Un dialogue entre Elle et Lui, autour de la question :

Mais qu’est-ce que fait Pierre Dubois ?

Elle (du tac au tac) : Pierre Dubois est un artiste qui a quitté la réalité des traits vus.

Lui (étonné devant cet exquis cadavre): ah bon ! ?... Voilà qui sonne drôlement ! La réalité des traits vus ! On pourrait entendre et écrire : Pierre Dubois a  quitté la réalité des Très Vus ! Une espèce de peuplade invisible. On pourrait inventer toute une histoire partant de ce décalage, de ce malentendu  entre l’oreille,  la main qui écrit et la bouche qui dit, en fait, c’est tout l’art de Pierre ... Tiens, on pourrait entendre aussi : C’est tout l’âge de pierre, et nous voilà glissant dans un autre temps, une autre histoire qui pourrait nous parler du temps où homo, tout juste sapiens, voyait tant de choses dans les nuages.

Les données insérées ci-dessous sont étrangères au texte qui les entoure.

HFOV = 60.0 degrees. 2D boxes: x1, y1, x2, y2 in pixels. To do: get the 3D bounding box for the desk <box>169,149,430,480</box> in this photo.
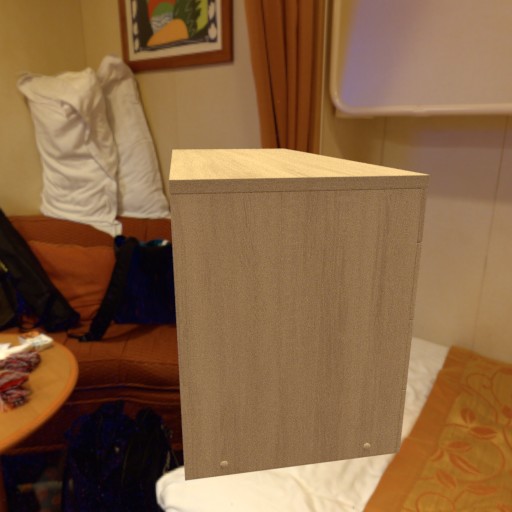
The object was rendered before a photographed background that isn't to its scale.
[{"bbox_3d":[0.000,0.000,1.701,0.600,0.740,1.390,-3,16,-10],"label":"desk"}]
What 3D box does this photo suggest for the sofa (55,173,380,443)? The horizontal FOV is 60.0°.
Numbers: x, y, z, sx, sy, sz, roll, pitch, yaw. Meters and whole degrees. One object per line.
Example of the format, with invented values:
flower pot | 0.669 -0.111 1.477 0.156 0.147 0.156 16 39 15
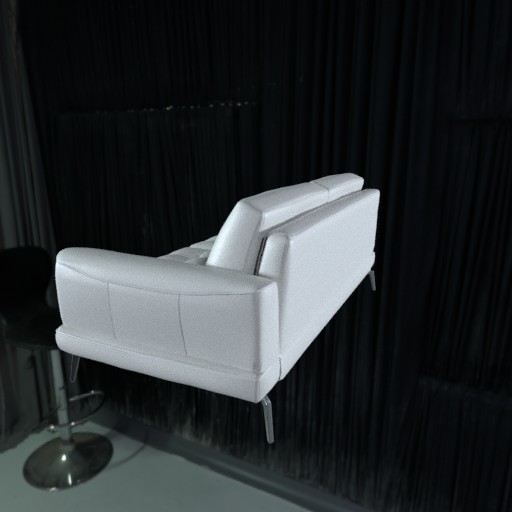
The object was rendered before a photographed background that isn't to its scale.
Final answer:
sofa | 0.000 0.000 2.712 1.121 0.930 2.177 7 16 25
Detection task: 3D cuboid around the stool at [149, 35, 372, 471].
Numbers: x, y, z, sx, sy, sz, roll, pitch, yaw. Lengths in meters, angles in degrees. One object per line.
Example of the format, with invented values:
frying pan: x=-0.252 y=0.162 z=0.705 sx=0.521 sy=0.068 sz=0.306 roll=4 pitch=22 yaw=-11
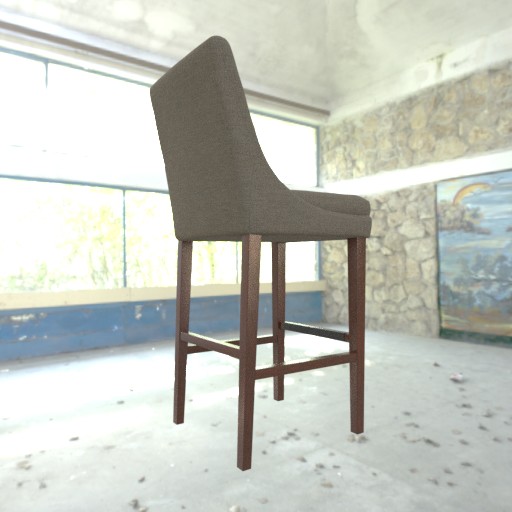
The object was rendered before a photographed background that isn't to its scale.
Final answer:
stool: x=0.000 y=0.000 z=1.382 sx=0.577 sy=1.078 sz=0.470 roll=1 pitch=-1 yaw=-35
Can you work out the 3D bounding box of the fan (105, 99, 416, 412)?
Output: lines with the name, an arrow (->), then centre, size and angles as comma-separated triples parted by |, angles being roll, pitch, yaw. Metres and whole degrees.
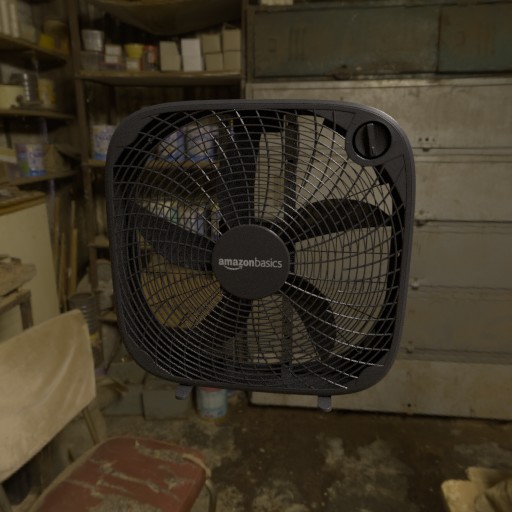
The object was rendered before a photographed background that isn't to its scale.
fan -> 0.000, 0.000, 0.806 | 0.526, 0.533, 0.142 | 2, 15, 8
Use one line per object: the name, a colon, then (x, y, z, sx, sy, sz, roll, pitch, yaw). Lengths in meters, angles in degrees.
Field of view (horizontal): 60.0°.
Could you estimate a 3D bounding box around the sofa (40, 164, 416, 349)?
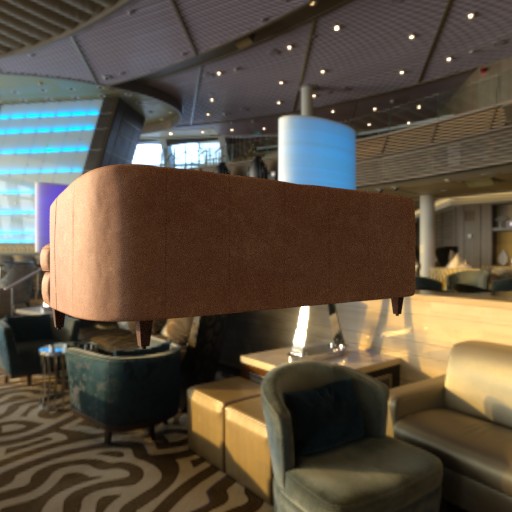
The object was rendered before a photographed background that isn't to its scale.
sofa: (0.000, 0.000, 2.693, 2.257, 0.791, 0.922, 0, 0, -36)
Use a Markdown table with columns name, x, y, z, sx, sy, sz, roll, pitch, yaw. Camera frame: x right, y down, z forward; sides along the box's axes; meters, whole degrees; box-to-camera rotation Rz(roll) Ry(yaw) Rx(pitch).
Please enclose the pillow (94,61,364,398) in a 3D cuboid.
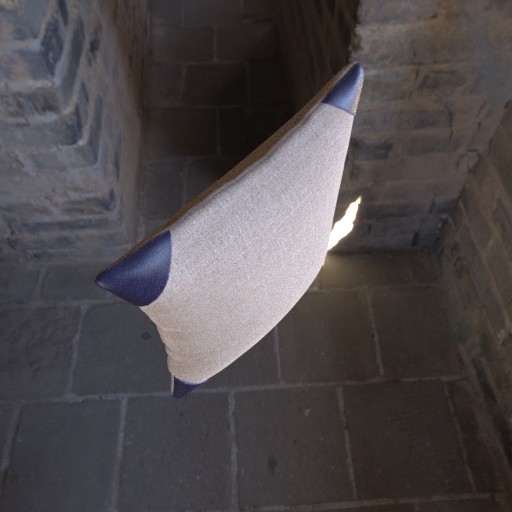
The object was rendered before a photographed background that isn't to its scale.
| name | x | y | z | sx | sy | sz | roll | pitch | yaw |
| --- | --- | --- | --- | --- | --- | --- | --- | --- | --- |
| pillow | 0.000 | 0.000 | 0.678 | 0.147 | 0.441 | 0.440 | 35 | 65 | 20 |
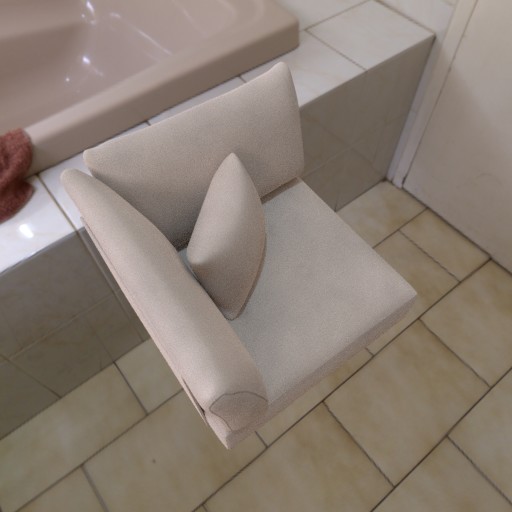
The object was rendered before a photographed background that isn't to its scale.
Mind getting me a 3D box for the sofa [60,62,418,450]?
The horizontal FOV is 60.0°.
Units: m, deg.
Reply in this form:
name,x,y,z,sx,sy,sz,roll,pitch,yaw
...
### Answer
name,x,y,z,sx,sy,sz,roll,pitch,yaw
sofa,0.000,0.000,1.754,1.000,0.820,1.000,-31,63,-18
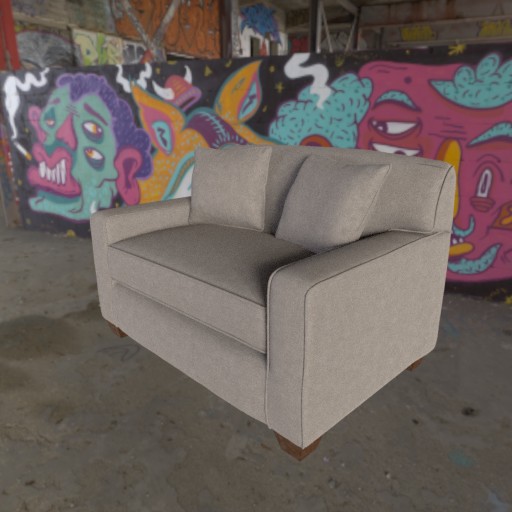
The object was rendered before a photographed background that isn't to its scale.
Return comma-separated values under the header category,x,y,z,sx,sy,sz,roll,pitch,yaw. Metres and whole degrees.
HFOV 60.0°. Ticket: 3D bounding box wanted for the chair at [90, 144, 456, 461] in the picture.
category,x,y,z,sx,sy,sz,roll,pitch,yaw
chair,0.000,0.000,2.045,0.992,0.953,1.395,-17,24,-42
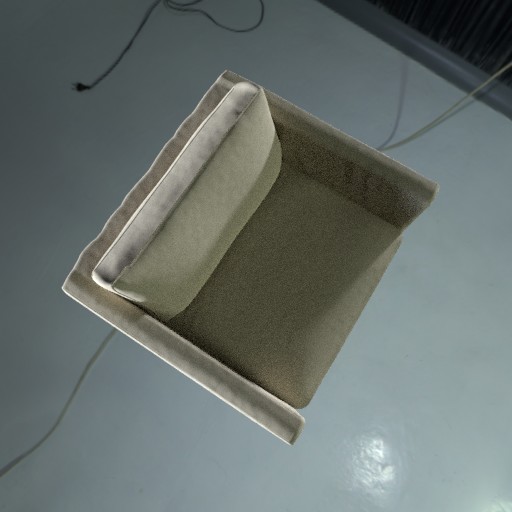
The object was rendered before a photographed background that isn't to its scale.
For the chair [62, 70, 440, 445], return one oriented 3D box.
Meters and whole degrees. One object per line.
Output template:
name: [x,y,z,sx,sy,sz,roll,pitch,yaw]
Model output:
chair: [0.000,0.000,1.780,0.949,0.867,1.057,32,77,8]
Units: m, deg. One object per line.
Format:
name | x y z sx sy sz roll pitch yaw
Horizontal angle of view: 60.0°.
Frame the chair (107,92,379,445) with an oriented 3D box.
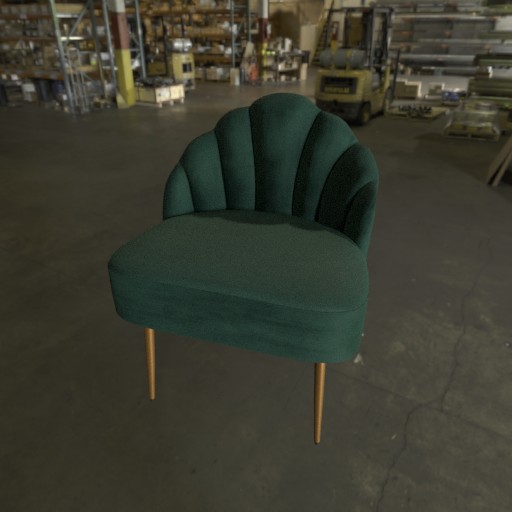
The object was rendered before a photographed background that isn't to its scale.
chair | 0.000 0.000 1.269 0.657 0.819 0.599 8 28 16
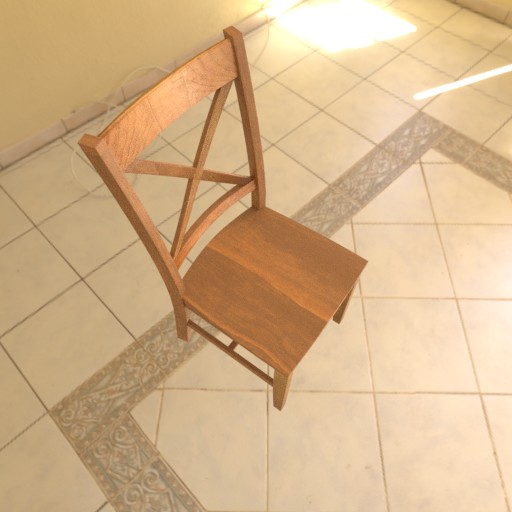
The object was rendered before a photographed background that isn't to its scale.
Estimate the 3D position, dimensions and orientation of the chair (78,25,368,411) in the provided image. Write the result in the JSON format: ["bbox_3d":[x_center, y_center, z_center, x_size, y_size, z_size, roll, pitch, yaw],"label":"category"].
[{"bbox_3d":[0.000,0.000,1.292,0.542,0.983,0.485,32,63,18],"label":"chair"}]
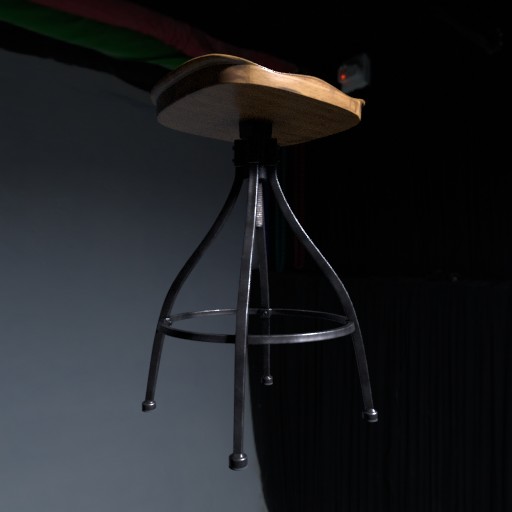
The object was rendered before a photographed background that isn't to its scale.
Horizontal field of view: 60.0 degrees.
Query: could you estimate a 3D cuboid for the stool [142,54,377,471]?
[{"bbox_3d":[0.000,0.000,0.972,0.432,0.694,0.424,0,0,-38],"label":"stool"}]
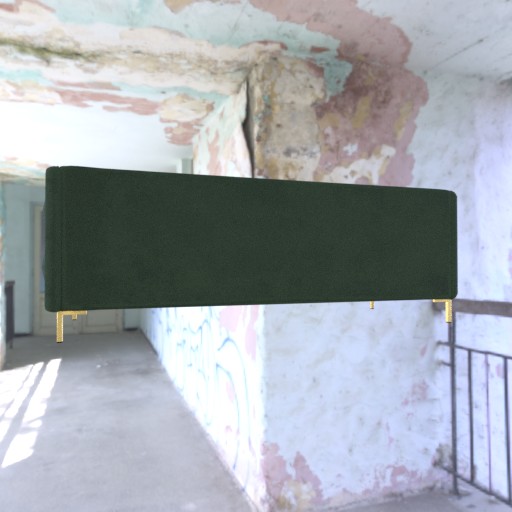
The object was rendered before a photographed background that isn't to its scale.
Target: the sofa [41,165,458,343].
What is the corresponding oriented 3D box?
[{"bbox_3d":[0.000,0.000,2.620,2.209,0.771,0.895,0,-1,-18],"label":"sofa"}]
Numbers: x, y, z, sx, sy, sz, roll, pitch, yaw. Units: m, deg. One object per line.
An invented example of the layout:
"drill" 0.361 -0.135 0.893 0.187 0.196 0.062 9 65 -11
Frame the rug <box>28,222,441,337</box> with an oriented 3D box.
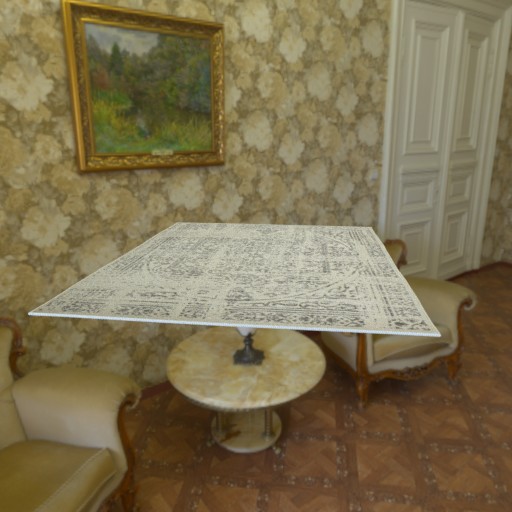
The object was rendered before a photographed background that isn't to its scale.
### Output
"rug" 0.000 0.000 3.819 2.311 0.032 2.921 2 15 7

Elle : oui, Pierre prend le risque de nous montrer  le moment éphémère ou son œil perçoit une tache de café sur l’évier et clic clac ça fait ce Quoi (elle prononce en faisant entendre la majuscule un rien interrogative) qu’on voit là.  Tu sais que tous ces tableaux peaufinés, avec pigments raffinés et fabriqués par le peintre lui-même,  sont nés là sur le bord de l’évier d’une tache  chue au hasard...  ?

Lui : je sais, Pierre nous fait voir de magnifiques malentendus entre l’œil, la main qui peint et la bouche qui dit : c’est quoi ça ?...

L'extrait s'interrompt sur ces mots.